How Salesforce Developers can Make a Salesforce Admin's Life Easier

A Salesforce administrator is many things; a configurator (yes, this is what Salesforce officially calls them), a business analyst, a requirements expert, and most of all a problem solver. How do Salesforce admins solve problems most of the time, with their brains obviously, but also with clicks and without code. There is a fine line between Salesforce admin and Salesforce developer. As a matter of fact you can be a certified Salesforce developer without writing a single line of code because to develop on the Force.com platform is not just Apex and Visualforce but also understanding of the data model and being able to build custom objects, fields, and formulas along with workflows and validation rules to build some pretty complex applications.

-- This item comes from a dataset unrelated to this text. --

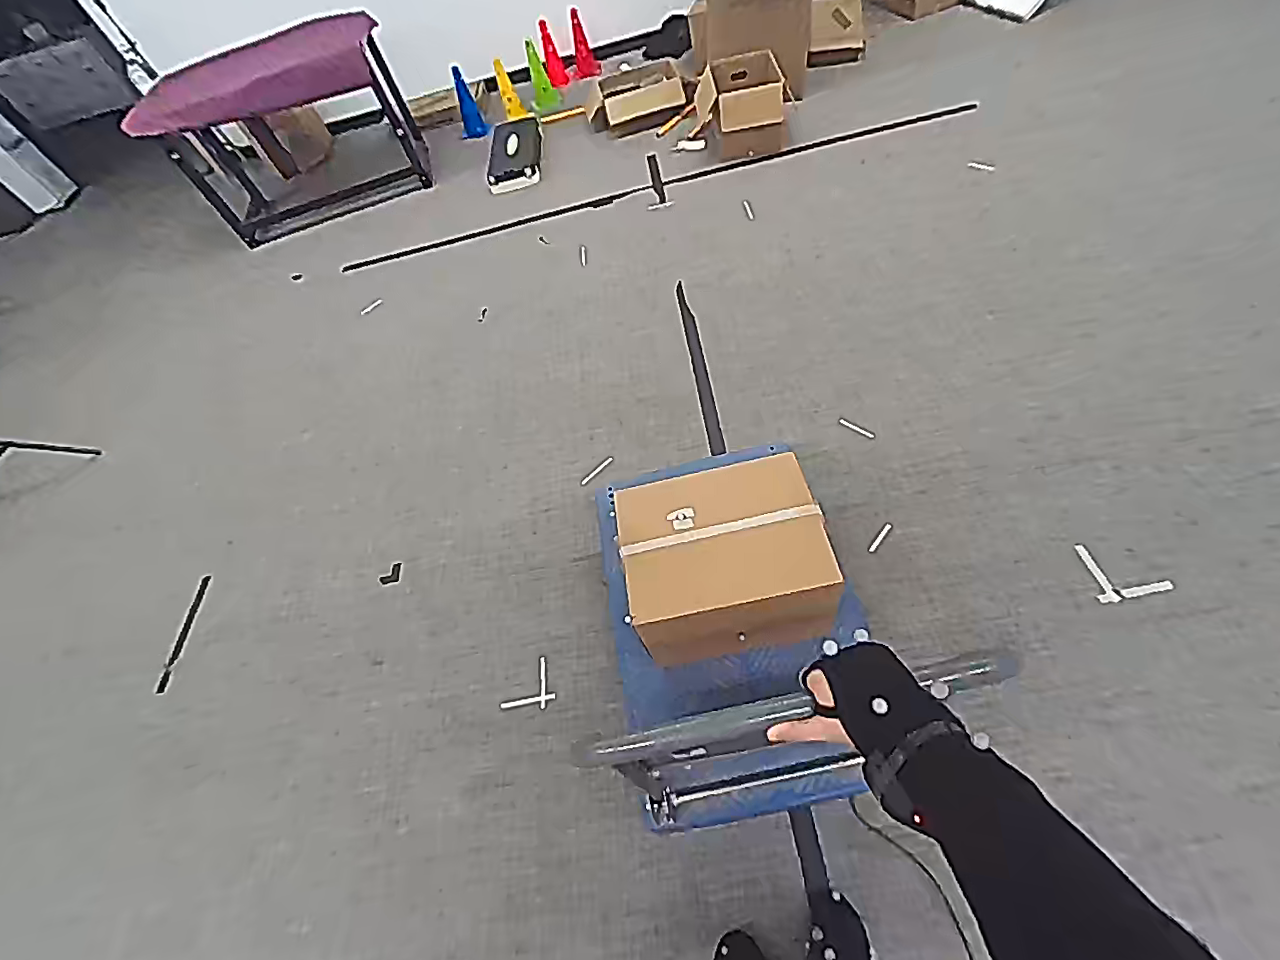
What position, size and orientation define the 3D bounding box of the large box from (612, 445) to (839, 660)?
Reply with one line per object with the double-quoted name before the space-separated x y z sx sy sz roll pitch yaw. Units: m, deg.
"large box" 0.184 0.176 1.212 0.408 0.320 0.320 -14 54 5

With all that said, there are still the advanced developers out there. The people who dive deep into Apex and Visualforce and make things happen that the average, and even above average, administrator cannot. Complex business logic and batch Apex iterating over millions of records is not something anyone would ask of an admin, yet there are some things that an admin can do with a little help from their advanced developer friends that some people may find surprising. Here are three of my favorite ways that an advanced developer can utilize techniques to help admins flex their own developer muscles.

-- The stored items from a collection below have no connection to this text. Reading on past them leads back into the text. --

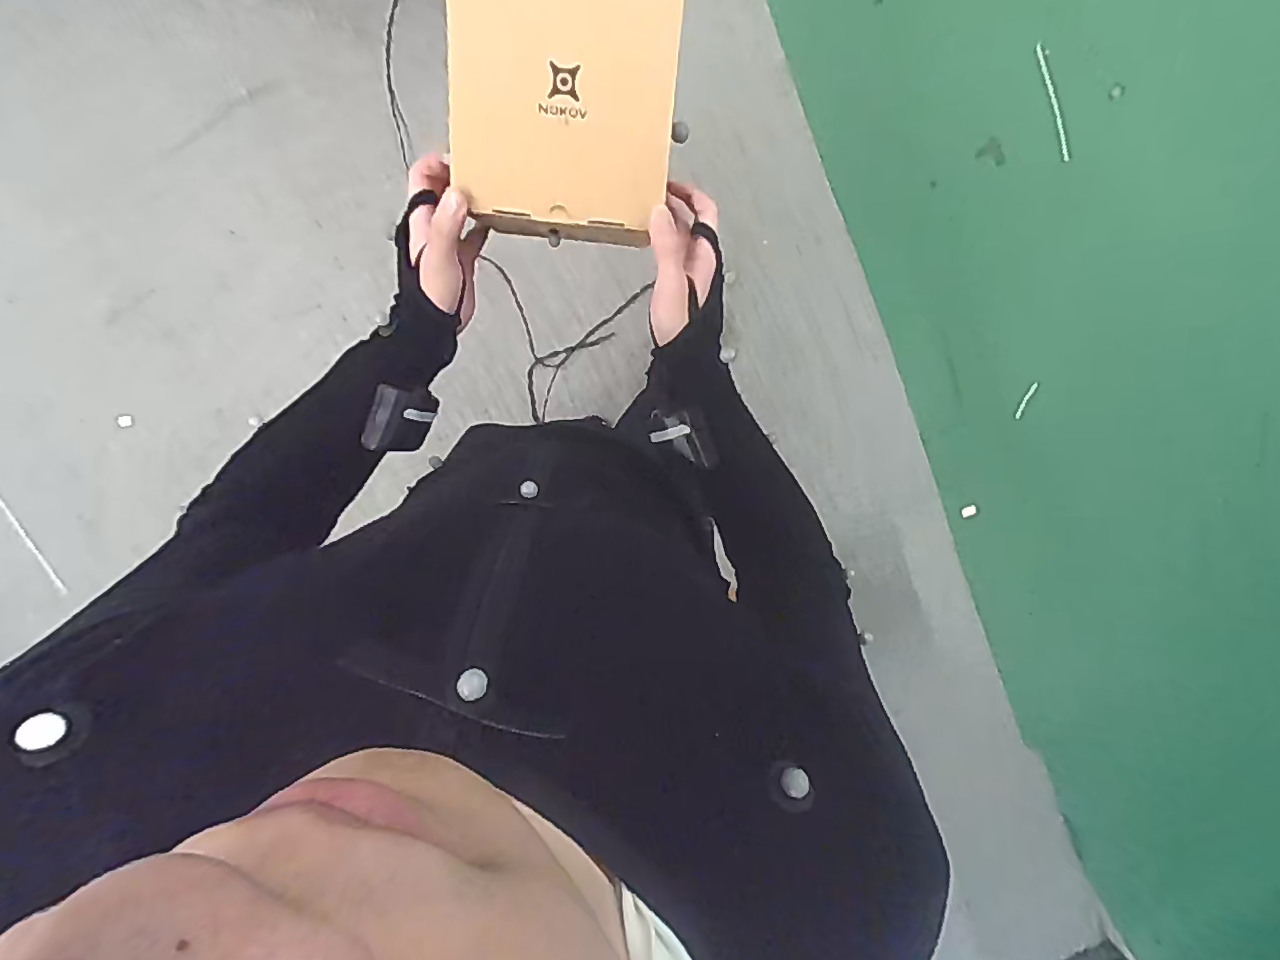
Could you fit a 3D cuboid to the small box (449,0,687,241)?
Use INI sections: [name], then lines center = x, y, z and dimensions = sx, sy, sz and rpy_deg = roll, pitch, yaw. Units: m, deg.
[small box]
center = -0.061, -0.313, 0.465
dimensions = 0.168, 0.176, 0.179
rpy_deg = 3, 110, -6

Using Custom Labels for Text on Visualforce Pages


A lot of development on the Force.com platform involves writing custom user interfaces so that end users have an augmented and often times more pleasent experience entering data into forms. These forms are built using Visualforce, Salesforce’s markup language akin to HTML. Developers can add all sorts of instructional text, labels for fields, and other text based elements to a page to make it easier to use. The best thing that a developer can do to help an administrator out would be to utilize Custom Labels whenever building their Visualforce pages and document the use of them very well. By referencing a custom label instead of hardcoding text values onto a page a developer is doing two things; first, making their code more modular and, more importantly, second, allowing an administrator using clicks and not code to modify the text on a page. Every label is a configurable item that can even include some markup in it to make things bold or underlined.

Using Custom Settings to Control Logic


Using Custom Settings is yet another trick that a developer can use to allow an administrator the ability to modify the most complex of logic. A custom setting is almost like a custom object that has fields and values that are looked up against when running code. An example might be a series of scheduled Apex jobs that need to run nightly. A developer could use a Custom Setting to put in the times that the series of jobs should run as well as any other values that would otherwise be hardcoded into their Apex like who the job should run as or which criteria of records to iterate over. Another example would be pagination on a Visualforce page. A Custom Setting can be utilized to determine how many records to show on one page before paginating to the next page. All of these settings can then be modified by an admin, again with clicks and not code, to change some of the most complex logic in a matter of seconds.

Using Field Sets in Visualforce Pages


This is my favorite handy tool that a developer can utilize to make an admin look and feel like a rockstar. While still technically in beta, Field Sets have been around since Spring ‘11, and are very reliable. Much like our first example of Custom Labels that help to modify Visualforce pages, Field Sets are groupings of Fields on a given object that can be grouped together using configuration yet are displayed as a group on Visualforce pages. Since the Field Set itself is put together using clicks an administrator can drag and drop fields into and out of Field Sets and therefore change what fields are displayed on a Visualforce page really easily. You can even make fields required using a simple page layout like wizard. Field Sets make Visualforce pages much more dynamic and flexible and allow for admins to make tweaks to pages without needing to know how to write a line of code.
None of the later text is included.